2005-06-14 Thread Scott Feldman


On Jun 14, 2005, at 5:45 PM, Jeff Squyres wrote:


We're a quiet bunch.  :-)


Which is a bad thing for Open Source development.  It seems Open MPI is 
closed-source development project with an open-source release model.  
The FAQ claims the future is in Open Source code, methodology, and 
philosophy; so why is the development and testing of Open MPI closed?  
Closed-source development doesn't scale.  You're missing out on early 
bug reports from users with environments and applications different 
than yours.  You're missing out on outside development help in finding 
and fixing bugs.


Please adopt a release-early, release-often strategy.

"Show us the code!"

-scott



Re: [O-MPI users] Questions on status

2005-06-15 Thread Scott Feldman

Ahh, the real reasons:


3. The HPC community is quite small, and the competition is quite
fierce...


Open Source tends to weed out the weaker competition (i.e. users decide 
the winner).  If you have the best solution, competition shouldn't be a 
concern.



6. We're still working through the legal issues


This is the hardest part, agreed.


Please adopt a release-early, release-often strategy.

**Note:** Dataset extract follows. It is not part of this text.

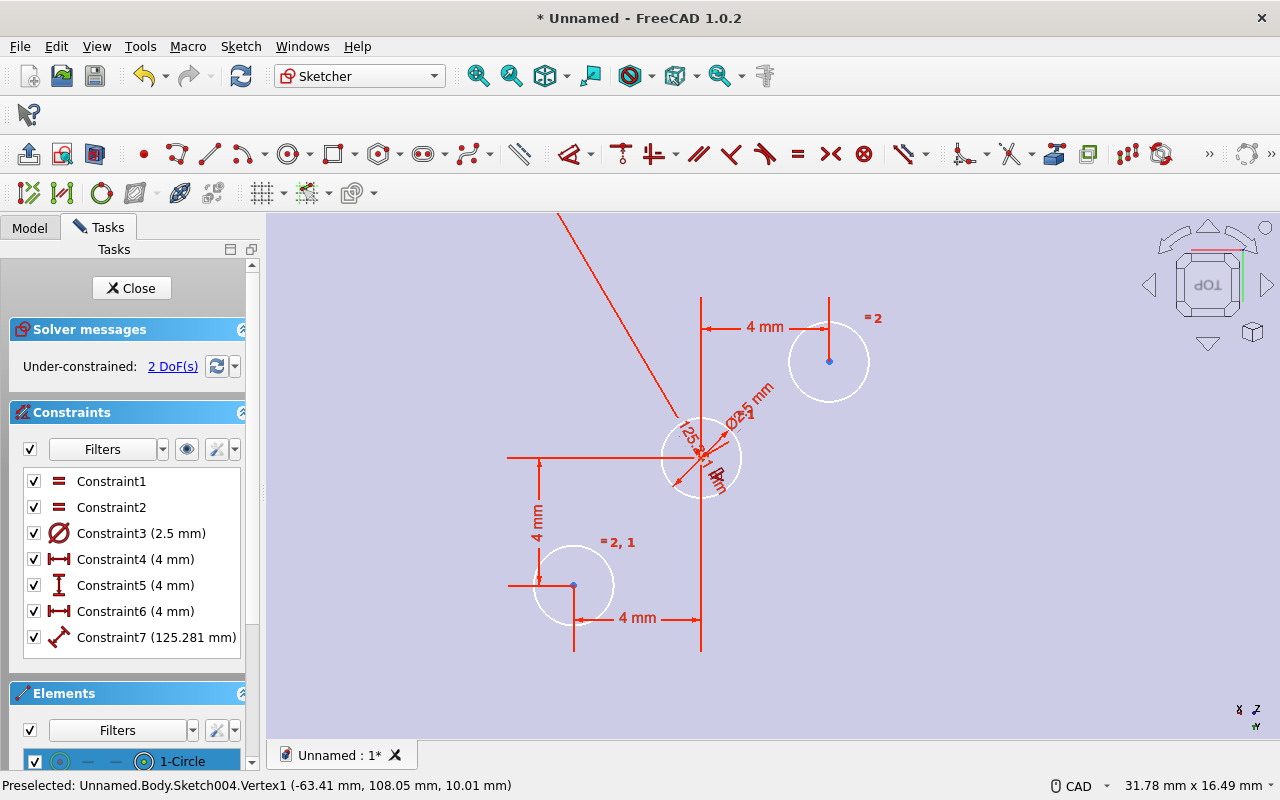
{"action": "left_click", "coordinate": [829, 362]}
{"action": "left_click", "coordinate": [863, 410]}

Actually, this is something that we will desperately try to avoid...
  
...However, to accommodate both kinds of users in LAM/MPI (those who 
want

stability and those who want bleeding edge), we adopted a dual-headed
strategy:

1. Slow formal release cycle.  LAM/MPI typically has 1-3 releases a
year.  Usually one major release with a small number of bug fix
releases following it.

2. Nightly tarball snapshots available.  Anyone who wants to can grab
either a Subversion checkout or a nightly snapshot tarball, but no
guarantees are made about its stability (because it represents active
development).

I anticipate that something analogous will occur for Open MPI.


Well that pretty much meets my criteria for release-early, 
release-often. :)



We will show you the code soon, I promise.  We've come too far to *not*
do so!  :-)


Thank you for your hard work.  I've been in your shoes.  Trying to get 
into the rhythm of Open Source when you have IP and legal issues is 
hard.  Good luck in overcoming these issues.